Demand Forecasting is one of the three components of an organization’s demand planning, being the other two planning and management. Forecasting concerns the expect demand given a plan of action.
Which means, making a prediction on the size of demand expected given a marketing and business plan.
Forecasting is composed by three levels:
- Strategic Forecasts: capacity planning, investment strategies.
- Tactical Forecasts: sales plans, short-term budgets, inventory planning.
- Operation Forecasts: production, transportation, and inventory replenishment.
Each of these levels have a particular timing. The strategic is developed trough years, tactical takes weeks or months and operation only takes hours or days.
Demand Forecasting Methods
We can divide forecasting methods into subjective, usually used by marketing and sales, and objective, used by production and inventory planners. On subjective there are judgmental and experimental, and objective causal and time series.
Judgmental refers to sales force surveys, or opinions by experts that deal with those scenarios. The basic premise here is that someone knows the truth. Experimental refers to sampling local and extrapolating. For example, focus groups or marketing tests.
On the objective side, casual means that there is a underlying relationship ou reason that can be perceived. Time series, on the other hand, relates to historical patterns in demand.
All these methods have their uses and functions. You need to evaluate each scenario to identify which one is the best for your purpose. But regardless of the chosen method, you need to secure the quality of your forecast.
To make sure your forecast is optimized, there are two key concepts to pay attention. Bias, which means a tendency to over or under predict and accuracy, or the closeness to the real value of observations.
A good habit is combining more than one method, because none of them can capture both dimensions.

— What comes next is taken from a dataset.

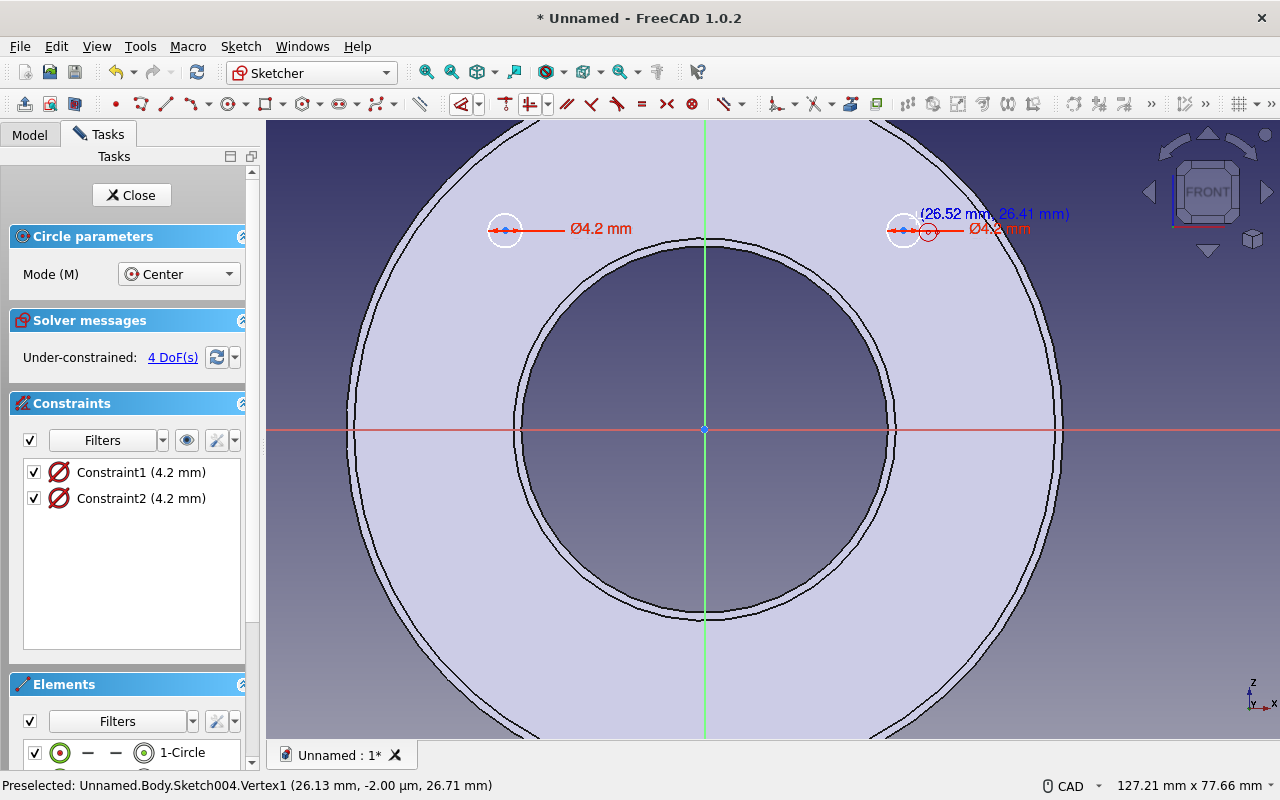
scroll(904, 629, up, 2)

So, if you can utilize more than one, you will be more secure that your data is not biased and have a good accuracy.
Key aspects of Demand Forecasting
Whenever you need to use forecasting models, you must keep in mind that forecasts will never be perfect. Which means that you shouldn’t rely only on points of forecasts.
You can incorporate ranges and track past errors so you can perceive drifts and changes in your demand. With past errors you have a better perception on how close your forecast can be.
Another thing you must consider is the time horizon of your prediction. Shorter forecasts are more accurate than longer. That happens because it’s easier to predict events that happen closer to us.
A good idea is trying to postpone the forecast to a closer date. That results in better understanding and more accurate data.
Demand Forecasting techniques
There are a lot of techniques to make demand forecast, we will talk about the most used ones.
Time Series Analysis
It’s a very popular technique, especially for mid-range forecasts. As it makes predictions based on historical demand, it needs a lot of data and records. We can cite three major models:
- Cumulative: Every data is included. The result is calm, and changes are slow. But is a very stable model.
- Naïve: Only the latest data matter. The result is a nervous and volatile forecast. This makes the model very responsive.
- Moving Average: The data included is selected. This is a middle ground between the two other models.
This model will treat data differently depending on its age. The basic idea of the model is that data lose value over time, then you need to weight more newer observations than old ones.
To determine the value of data, the model uses the alpha factor. It will set a weight from newest information to oldest. Then, the alpha indicates:
- If alpha is bigger than one, the forecast is nervous and volatiles.
- If alpha is bigger than zero, the forecast is calm and stable.
There are a lot of products and forecasting techniques and they differ from one to another. You need to evaluate your demand to find the best suited one, keeping in mind that a good forecast should not be biased and have a good accuracy.
As we said, to do this the best way is to combine more than one model. Most models need history to rely on. If your demand doesn’t have historical data, you can search for similar products and try to establish a strategy based on that.
So, in sum, demand forecasting is part of demand planning and management process. Range forecasts are more precise than point ones, aggregated have more accuracy and less biased and finally, short time horizons are better than long ones.